In the weeks leading up to the 2018 NATO Summit, several Estonian officials have been through Washington to share their views on NATO’s priorities and outcomes for the summit.


They have included Ambassador to NATO Kyllike Sillaste-Elling, Ministry of Defense Permanent Secretary Jonatan Vseviov, Parliament Foreign Affairs Committee Chair Marko Mihkelson, head of NATO’s Cyber Defence Section Christian Lifländer, and International Centre for Defence and Security (ICDS) Director Sven Sakkov. Their overwhelming consensus called for a clear affirmation of transatlantic unity and commitment to the democratic values on which the alliance was founded.

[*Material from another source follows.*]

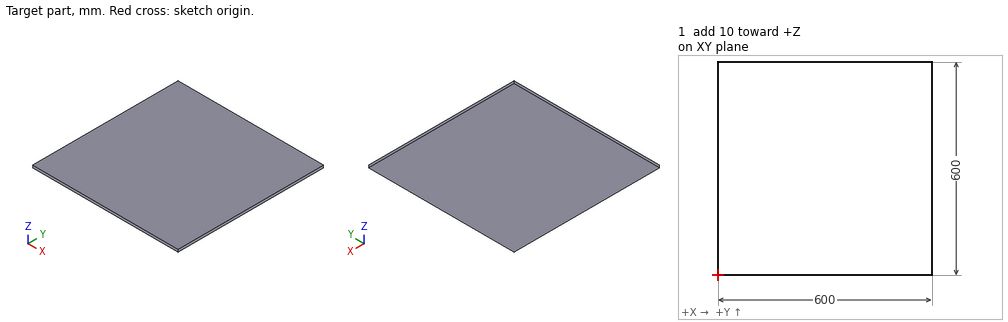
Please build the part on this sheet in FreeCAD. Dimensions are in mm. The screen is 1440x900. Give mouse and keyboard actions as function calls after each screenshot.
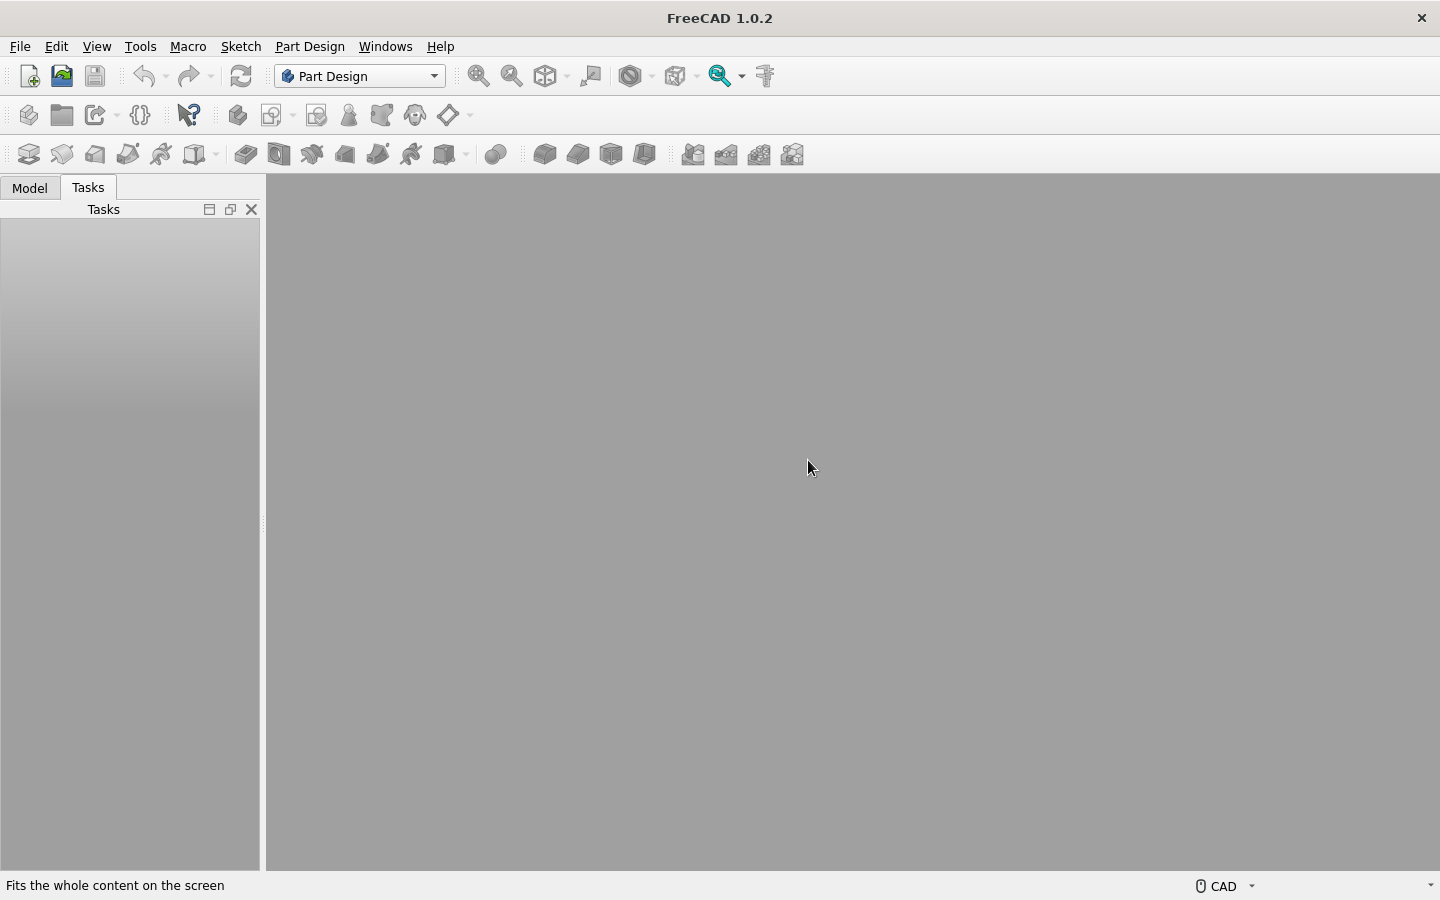
click(29, 76)

The main topics of the summit will likely include burdensharing, or meeting the 2% of gross domestic product benchmark for defense spending reaffirmed at the Wales summit in 2014; cooperation between NATO and the European Union; and streamlining NATO’s command structure to be more efficient in responding to threats. While past summits have had some focus on the Baltic region, this one may not put Estonia and its neighbors in the spotlight. 


Kyllike CEPA

Center for European Policy Analysis (CEPA) strategy session with Estonia's Ambassador to NATO Kyllike Sillaste-Elling and Deputy Chief of Mission to the U.S. Marki Tihhonova-Kreek. Photo: CEPA


Nonetheless, Estonia has been a NATO success story. Ithas been meeting the 2% goal since 2013. The Enhanced Forward Presence (EFP) mission to deter Russian military aggression “has become part of the furniture” according to Ambassador Sillaste-Elling, indicating seamless cooperation among the British, French and Danish forces stationed in Estonia and their host nation’s troops. Estonia continues to be a leader in cyber defense. Mr. Lifländer stated that cyber attacks are “becoming more common but not necessarily more sophisticated” as defense against them has evolved from a “technical phenomenon to part and parcel of what we do.” Secretary Vseviov cited the success of EFP and the speed of its implementation from planning stages in the fall of 2016 to boots on the ground in April 2017. He also commended the first-ever cyber tabletop exercise in Tallinn, where EU defense minsters learned the strategic-level implications of responding to cyber threats. NATO and EU cooperation are critical when such challenges arise.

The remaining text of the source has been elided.